One example of how new R programmers frequently waste computing time is via memory allocation. Take the below for loop, for instance:

iterations = 10000000

system.time({
j = c()
for(i in 1:iterations){
j[i] <- i
}
})
##    user  system elapsed
##    3.71    0.23    3.94

Here, vector j starts out with length 1, but for each iteration in the for loop, R has to re-size the vector and re-allocate memory. Recursively, R has to find the vector in its memory, create a new vector that will fit more data, copy the old data over, insert the new data, and erase the old vector. This process gets very slow as vectors get big. Nevertheless, it is often how programmers store the results of their iterative processes. Tremendous computing power can be saved by pre-allocating vectors to fit all the values beforehand, so that R does not have to do unnecessary actions:

system.time({
j = rep(NA, iterations)
for(i in 1:iterations){
j[i] <- i
}
})
##    user  system elapsed
##    0.88    0.01    0.89

More advanced R users tend to further optimize via functionals. This family of functions takes in vectors (or matrices, or lists) of values and applies other functions to each. Examples are apply or plyr::*ply functions, which speed up R code mainly because the for loops they have inside them automatically do things like pre-allocating vector size. Functionals additionally prevent side effects: unwanted changes to your working environment, such as the remaining i after for(i in 1:10). Although this does not necessarily improve computing time, it is regarded best practice due to preventing consequent coding errors.

## Conclusions

There are cases when you should use for loops. For example, the performance penalty for using a for loop instead a vector will be small if the number of iterations is relatively small, and the functions called inside your for loop are slow. Here, looping and overhead from function calls make up a small fraction of your computational time and for loops may be more intuitive or easier to read for you. Additionally, there are cases where for loops make more sense than vectorized functions: (1) when the functions you seek to apply don’t take vector arguments and (2) when each iteration is dependent on the results of previous iterations.

Another general rule: fast R code is short.
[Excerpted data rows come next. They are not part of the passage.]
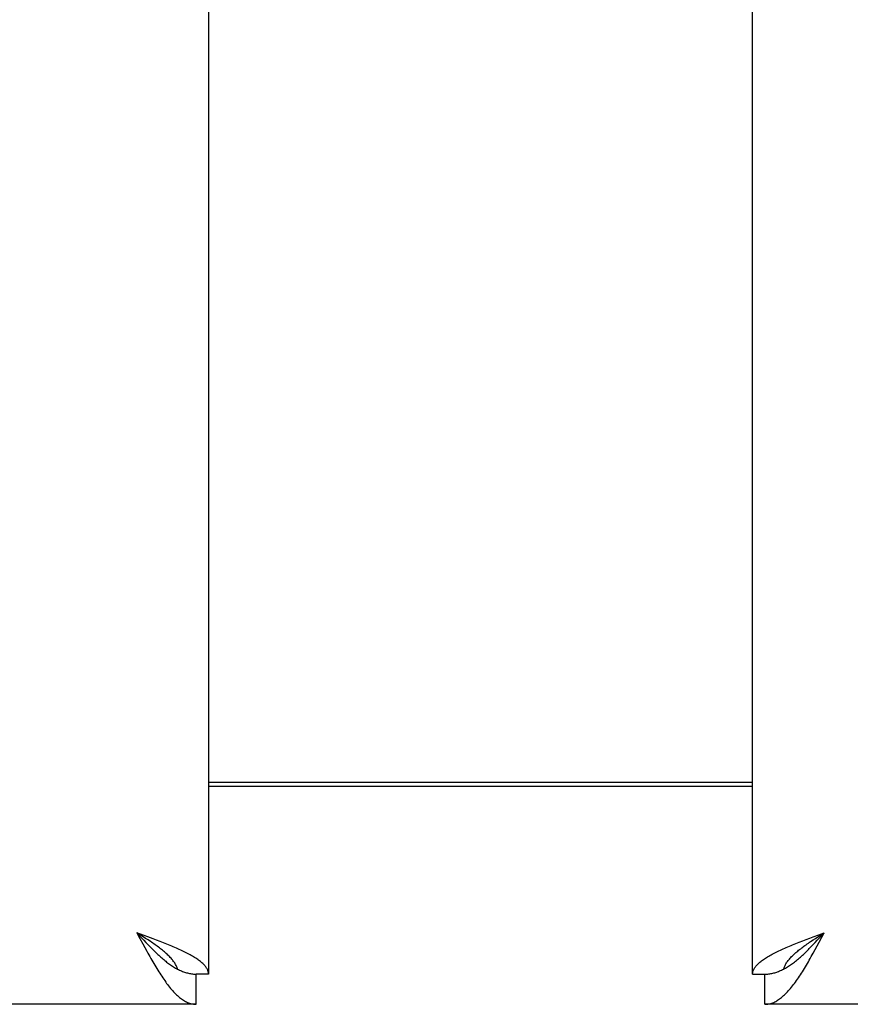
# Model space of a CAD drawing. Header units: inches. Extents: x 0 to 230, y 0 to 149.
# Tile 14 of 92: x 72.26 to 75.12, y 37.56 to 40.95. Entities that reach past the tile are written whole.
import ezdxf

# ---------------------------------------------------------------- set-up
doc = ezdxf.new("R2010")
doc.units = ezdxf.units.IN
doc.header["$LTSCALE"] = 12.635135
doc.header["$MEASUREMENT"] = 0
doc.layers.get('0').update_dxf_attribs({"linetype": 'CONTINUOUS'})
doc.layers.add('DIMENSIONS', color=7, linetype='CONTINUOUS')
doc.styles.get("Standard").update_dxf_attribs({"font": 'arial.ttf'})
doc.dimstyles.new('DIMSTYLE_1', dxfattribs={"dimtxt": 1.013514, "dimasz": 1.351351, "dimexe": 0.09, "dimexo": 0.07, "dimgap": 0.0375, "dimtad": 0, "dimtih": 1, "dimtoh": 1, "dimzin": 4, "dimdsep": 46, "dimtxsty": 'Standard', "dimblk": '_FILLED', "dimblk1": '_FILLED', "dimblk2": '_FILLED', "dimcen": 0.09, "dimazin": 1, "dimtfac": 1, "dimtofl": 0, "dimtmove": 0, "dimatfit": 3, "dimldrblk": '_FILLED', "dimfxl": 1, "dimtolj": 1, "dimtzin": 4, "dimarcsym": 0})

# ---------------------------------------------------------------- blocks, each defined once
blk = doc.blocks.new('_FILLED')
at = {"color": 0, "linetype": 'ByBlock'}
blk.add_solid([(0, 0), (-1, 0.2), (-1, -0.2)], dxfattribs=at)
blk = doc.blocks.new('*D13')
at = {"layer": 'DIMENSIONS', "color": 2, "linetype": 'Continuous'}
for p, q in [((69.2811, 84.0253), (66.6874, 84.0253)), ((72.9061, 84.0253), (75.6088, 84.0253))]:
    blk.add_line(p, q, dxfattribs=at)
at = {"layer": 'DIMENSIONS', "color": 2, "linetype": 'Continuous', "xscale": 1.3513513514, "yscale": 1.3513513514, "zscale": 1.3513513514}
blk.add_blockref('_FILLED', (69.2811, 84.0253), dxfattribs=at)
at = {"layer": 'DIMENSIONS', "color": 2, "linetype": 'Continuous', "xscale": 1.3513513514, "yscale": 1.3513513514, "zscale": 1.3513513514, "rotation": 180}
blk.add_blockref('_FILLED', (72.9061, 84.0253), dxfattribs=at)
at = {"layer": 'DIMENSIONS', "color": 2, "linetype": 'Continuous', "insert": (66.1807, 84.5321), "char_height": 1.01351, "width": 2.754195, "attachment_point": 3, "line_spacing_factor": 0.9}
blk.add_mtext('3.63', dxfattribs=at)

msp = doc.modelspace()

# ---------------------------------------------------------------- linework, layer by layer
at = {"color": 3, "linetype": 'Continuous'}
for p, q in [((72.9061, 107.9567), (72.9061, 37.6647)), ((74.7811, 37.6647), (74.7811, 107.9567)), ((72.9061, 38.3257), (74.7811, 38.3257)), ((72.6969, 37.7934), (72.6596, 37.8072)), ((72.6596, 37.8072), (72.6698, 37.7879)), ((74.9903, 37.7934), (75.0089, 37.8003)), ((75.0089, 37.8003), (75.0276, 37.8072)), ((75.0106, 37.775), (75.0276, 37.8072)), ((72.6698, 37.7879), (72.6801, 37.7686)), ((72.6801, 37.7686), (72.6869, 37.7559)), ((72.7153, 37.7865), (72.6969, 37.7934)), ((72.7274, 37.7819), (72.7153, 37.7865)), ((72.7393, 37.7773), (72.7274, 37.7819)), ((74.9304, 37.7704), (74.942, 37.775)), ((74.942, 37.775), (74.9538, 37.7796)), ((74.9538, 37.7796), (74.9658, 37.7842)), ((74.9658, 37.7842), (74.978, 37.7888)), ((74.978, 37.7888), (74.9903, 37.7934)), ((74.9969, 37.7497), (75.0038, 37.7623)), ((75.0038, 37.7623), (75.0106, 37.775)), ((72.6869, 37.7559), (72.6937, 37.7434)), ((72.8641, 37.5607), (44.2606, 37.5607)), ((103.4266, 37.5607), (74.8231, 37.5607))]:
    msp.add_line(p, q, dxfattribs=at)
at = {"color": 7, "linetype": 'Continuous'}
for p, q in [((74.7811, 38.3107), (72.9061, 38.3107)), ((72.6811, 37.7935), (72.6596, 37.8072)), ((72.6596, 37.8072), (72.6733, 37.7923)), ((75.0062, 37.7935), (75.019, 37.8017)), ((75.0106, 37.7886), (75.0276, 37.8072)), ((75.019, 37.8017), (75.0276, 37.8072)), ((72.6733, 37.7923), (72.6835, 37.7812)), ((72.6895, 37.788), (72.6811, 37.7935)), ((72.6835, 37.7812), (72.6903, 37.7739)), ((72.6979, 37.7825), (72.6895, 37.788)), ((72.6903, 37.7739), (72.6971, 37.7667)), ((72.6971, 37.7667), (72.7039, 37.7596)), ((74.9811, 37.7771), (74.9894, 37.7825)), ((74.9894, 37.7825), (74.9977, 37.788)), ((74.9901, 37.7667), (74.9969, 37.7739)), ((74.9969, 37.7739), (75.0038, 37.7812)), ((74.9977, 37.788), (75.0062, 37.7935)), ((75.0038, 37.7812), (75.0106, 37.7886)), ((72.9061, 37.6647), (72.8641, 37.6647)), ((72.8641, 37.5607), (72.8641, 37.6647)), ((74.7811, 37.6647), (74.8231, 37.6647)), ((74.8231, 37.5607), (74.8231, 37.6647))]:
    msp.add_line(p, q, dxfattribs=at)
for points in [[(72.7996, 37.6819), (72.7989, 37.6839), (72.798, 37.6866), (72.7969, 37.6894), (72.7957, 37.6921), (72.7943, 37.6948), (72.7929, 37.6976), (72.7913, 37.7003), (72.7896, 37.7031), (72.7877, 37.7058), (72.7858, 37.7085), (72.7837, 37.7113), (72.7816, 37.714), (72.7793, 37.7168), (72.7769, 37.7195), (72.7744, 37.7222), (72.7718, 37.725), (72.7691, 37.7277), (72.7663, 37.7305), (72.7634, 37.7332), (72.7604, 37.7359), (72.7573, 37.7387), (72.7541, 37.7414), (72.7509, 37.7442), (72.7475, 37.7469), (72.7441, 37.7496), (72.7406, 37.7524), (72.737, 37.7551), (72.7333, 37.7579), (72.7296, 37.7606), (72.7258, 37.7634), (72.722, 37.7661), (72.7181, 37.7688), (72.7142, 37.7716), (72.7102, 37.7743), (72.7061, 37.7771), (72.6979, 37.7825)], [(74.8845, 37.6802), (74.8879, 37.682), (74.8913, 37.6838), (74.8947, 37.6857), (74.8981, 37.6877), (74.9015, 37.6898), (74.9049, 37.6919), (74.9083, 37.6941), (74.9117, 37.6965), (74.9151, 37.6988), (74.9186, 37.7013), (74.922, 37.7038), (74.9254, 37.7064), (74.9288, 37.7091), (74.9322, 37.7118), (74.9356, 37.7147), (74.939, 37.7175), (74.9424, 37.7204), (74.9458, 37.7234), (74.9492, 37.7265), (74.9526, 37.7296), (74.956, 37.7327), (74.9595, 37.7359), (74.9629, 37.7392), (74.9663, 37.7425), (74.9697, 37.7458), (74.9731, 37.7492), (74.9765, 37.7527), (74.9799, 37.7561), (74.9833, 37.7596), (74.9901, 37.7667)], [(74.8877, 37.6819), (74.8883, 37.6839), (74.8893, 37.6866), (74.8904, 37.6894), (74.8916, 37.6921), (74.8929, 37.6948), (74.8944, 37.6976), (74.896, 37.7003), (74.8977, 37.7031), (74.8995, 37.7058), (74.9014, 37.7085), (74.9035, 37.7113), (74.9057, 37.714), (74.908, 37.7168), (74.9103, 37.7195), (74.9128, 37.7222), (74.9154, 37.725), (74.9182, 37.7277), (74.921, 37.7305), (74.9239, 37.7332), (74.9269, 37.7359), (74.9299, 37.7387), (74.9331, 37.7414), (74.9364, 37.7442), (74.9397, 37.7469), (74.9432, 37.7496), (74.9467, 37.7524), (74.9503, 37.7551), (74.9539, 37.7579), (74.9576, 37.7606), (74.9614, 37.7634), (74.9652, 37.7661), (74.9691, 37.7688), (74.9731, 37.7716), (74.9771, 37.7743), (74.9811, 37.7771)], [(72.7039, 37.7596), (72.7073, 37.7561), (72.7107, 37.7527), (72.7141, 37.7492), (72.7176, 37.7459), (72.721, 37.7425), (72.7244, 37.7392), (72.7278, 37.736), (72.7312, 37.7327), (72.7346, 37.7296), (72.738, 37.7265), (72.7414, 37.7234), (72.7448, 37.7205), (72.7482, 37.7175), (72.7516, 37.7147), (72.7551, 37.7118), (72.7585, 37.7091), (72.7619, 37.7064), (72.7653, 37.7038), (72.7687, 37.7013), (72.7721, 37.6988), (72.7755, 37.6965), (72.7789, 37.6941), (72.7823, 37.6919), (72.7857, 37.6898), (72.7891, 37.6877), (72.7925, 37.6857), (72.796, 37.6838), (72.7994, 37.682)], [(72.7994, 37.682), (72.8028, 37.6802), (72.8062, 37.6786), (72.8096, 37.677), (72.813, 37.6755), (72.8164, 37.6742), (72.8198, 37.6729), (72.8232, 37.6717), (72.8266, 37.6706), (72.83, 37.6696), (72.8334, 37.6686), (72.8369, 37.6678), (72.8403, 37.6671), (72.8437, 37.6665), (72.8471, 37.6659), (72.8505, 37.6655), (72.8539, 37.6651), (72.8573, 37.6649), (72.8607, 37.6647), (72.8641, 37.6647)], [(74.8231, 37.6647), (74.8265, 37.6647), (74.8299, 37.6649), (74.8333, 37.6651), (74.8368, 37.6655), (74.8402, 37.6659), (74.8436, 37.6665), (74.847, 37.6671), (74.8504, 37.6678), (74.8538, 37.6686), (74.8572, 37.6696), (74.8606, 37.6706), (74.864, 37.6717), (74.8674, 37.6729), (74.8708, 37.6742), (74.8742, 37.6755), (74.8776, 37.677), (74.8811, 37.6786), (74.8845, 37.6802)]]:
    msp.add_lwpolyline(points, dxfattribs=at)
at = {"color": 3, "linetype": 'Continuous'}
for points in [[(72.8055, 37.7497), (72.8004, 37.752), (72.7953, 37.7543), (72.79, 37.7566), (72.7847, 37.7589), (72.7792, 37.7612), (72.7737, 37.7635), (72.7682, 37.7658), (72.7625, 37.7681), (72.7568, 37.7704), (72.7511, 37.7727), (72.7393, 37.7773)], [(74.8817, 37.7497), (74.8868, 37.752), (74.892, 37.7543), (74.8972, 37.7566), (74.9026, 37.7589), (74.908, 37.7612), (74.9135, 37.7635), (74.9191, 37.7658), (74.9247, 37.7681), (74.9304, 37.7704)], [(72.6937, 37.7434), (72.6971, 37.7372), (72.7005, 37.731), (72.7039, 37.7249), (72.7073, 37.7189), (72.7107, 37.7129), (72.7141, 37.7069), (72.7176, 37.7011), (72.721, 37.6953), (72.7244, 37.6896), (72.7278, 37.684), (72.7312, 37.6784), (72.7346, 37.673), (72.738, 37.6676)], [(72.9061, 37.6647), (72.906, 37.667), (72.9058, 37.6693), (72.9054, 37.6716), (72.9049, 37.6739), (72.9041, 37.6762), (72.9033, 37.6785), (72.9023, 37.6808), (72.9011, 37.6831), (72.8997, 37.6854), (72.8983, 37.6877), (72.8966, 37.69), (72.8948, 37.6923), (72.8929, 37.6946), (72.8908, 37.6969), (72.8885, 37.6992), (72.8861, 37.7015), (72.8836, 37.7038), (72.8809, 37.7061), (72.8781, 37.7084), (72.8751, 37.7107), (72.872, 37.713), (72.8688, 37.7153), (72.8654, 37.7176), (72.8619, 37.7199), (72.8583, 37.7222), (72.8545, 37.7245), (72.8507, 37.7268), (72.8467, 37.7291), (72.8425, 37.7314), (72.8383, 37.7336), (72.8339, 37.7359), (72.8295, 37.7382), (72.8249, 37.7405), (72.8202, 37.7428), (72.8154, 37.7451), (72.8105, 37.7474), (72.8055, 37.7497)], [(74.7811, 37.6647), (74.7812, 37.667), (74.7814, 37.6693), (74.7818, 37.6716), (74.7824, 37.6739), (74.7831, 37.6762), (74.784, 37.6785), (74.785, 37.6808), (74.7862, 37.6831), (74.7875, 37.6854), (74.789, 37.6877), (74.7906, 37.69), (74.7924, 37.6923), (74.7944, 37.6946), (74.7965, 37.6969), (74.7987, 37.6992), (74.8011, 37.7015), (74.8036, 37.7038), (74.8063, 37.7061), (74.8091, 37.7084), (74.8121, 37.7107), (74.8152, 37.713), (74.8184, 37.7153), (74.8218, 37.7176), (74.8253, 37.7199), (74.8289, 37.7222), (74.8327, 37.7245), (74.8366, 37.7268), (74.8406, 37.7291), (74.8447, 37.7314), (74.849, 37.7336), (74.8533, 37.7359), (74.8578, 37.7382), (74.8624, 37.7405), (74.8671, 37.7428), (74.8718, 37.7451), (74.8767, 37.7474), (74.8817, 37.7497)], [(74.9458, 37.6623), (74.9492, 37.6676), (74.9526, 37.6729), (74.956, 37.6784), (74.9595, 37.6839), (74.9629, 37.6896), (74.9663, 37.6953), (74.9697, 37.7011), (74.9731, 37.7069), (74.9765, 37.7129), (74.9799, 37.7189), (74.9833, 37.7249), (74.9867, 37.731), (74.9901, 37.7372), (74.9969, 37.7497)], [(72.738, 37.6676), (72.7414, 37.6623), (72.7448, 37.6571), (72.7482, 37.6521), (72.7516, 37.6471), (72.7551, 37.6423), (72.7585, 37.6375), (72.7619, 37.6329), (72.7653, 37.6284), (72.7687, 37.624), (72.7721, 37.6198), (72.7755, 37.6156), (72.7789, 37.6116), (72.7823, 37.6078), (72.7857, 37.6041), (72.7891, 37.6005), (72.7925, 37.597), (72.796, 37.5937), (72.7994, 37.5906), (72.8028, 37.5876), (72.8062, 37.5847), (72.8096, 37.582), (72.813, 37.5795), (72.8164, 37.5771), (72.8198, 37.5748), (72.8232, 37.5728), (72.8266, 37.5708), (72.83, 37.5691), (72.8334, 37.5675), (72.8369, 37.5661), (72.8403, 37.5648), (72.8437, 37.5637), (72.8471, 37.5628), (72.8505, 37.562), (72.8539, 37.5615), (72.8573, 37.561), (72.8607, 37.5608), (72.8641, 37.5607)], [(74.8231, 37.5607), (74.8265, 37.5608), (74.8299, 37.561), (74.8333, 37.5615), (74.8368, 37.562), (74.8402, 37.5628), (74.8436, 37.5637), (74.847, 37.5648), (74.8504, 37.5661), (74.8538, 37.5675), (74.8572, 37.5691), (74.8606, 37.5708), (74.864, 37.5728), (74.8674, 37.5748), (74.8708, 37.5771), (74.8742, 37.5795), (74.8776, 37.582), (74.8811, 37.5847), (74.8845, 37.5876), (74.8879, 37.5906), (74.8913, 37.5937), (74.8947, 37.597), (74.8981, 37.6005), (74.9015, 37.604), (74.9049, 37.6078), (74.9083, 37.6116), (74.9117, 37.6156), (74.9151, 37.6198), (74.9186, 37.624), (74.922, 37.6284), (74.9254, 37.6329), (74.9288, 37.6375), (74.9322, 37.6423), (74.9356, 37.6471), (74.939, 37.6521), (74.9424, 37.6571), (74.9458, 37.6623)]]:
    msp.add_lwpolyline(points, dxfattribs=at)

# ---------------------------------------------------------------- dimensions: what is measured, and where the dimension line sits
at = {"layer": 'DIMENSIONS', "color": 2, "linetype": 'Continuous'}
dim = msp.add_linear_dim(base=(72.9061208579, 84.0253218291), p1=(69.2811208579, 106.9356976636), p2=(72.9061208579, 37.6646976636), dimstyle='DIMSTYLE_1', dxfattribs=at)
dim.commit()
dim.dimension.update_dxf_attribs({"geometry": '*D13', "text_midpoint": (64.8022537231, 84.0196718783), "dimtype": 160})

doc.saveas('drawing.dxf')

If you can express what you want to do in R in a line or two, with just a few function calls that are actually calling compiled code, it’ll be more efficient than if you write long program, with the added overhead of many function calls.

Finally, there is a saying that “premature optimization is the root of all evil”. What this means is that you should not re-write your R code unless the computing time you are going to save is worth the time invested. Nevertheless, if you understand how vectorization and functional programming work, you will be able to write more faster, safer, and more transparent (short & simple) programs.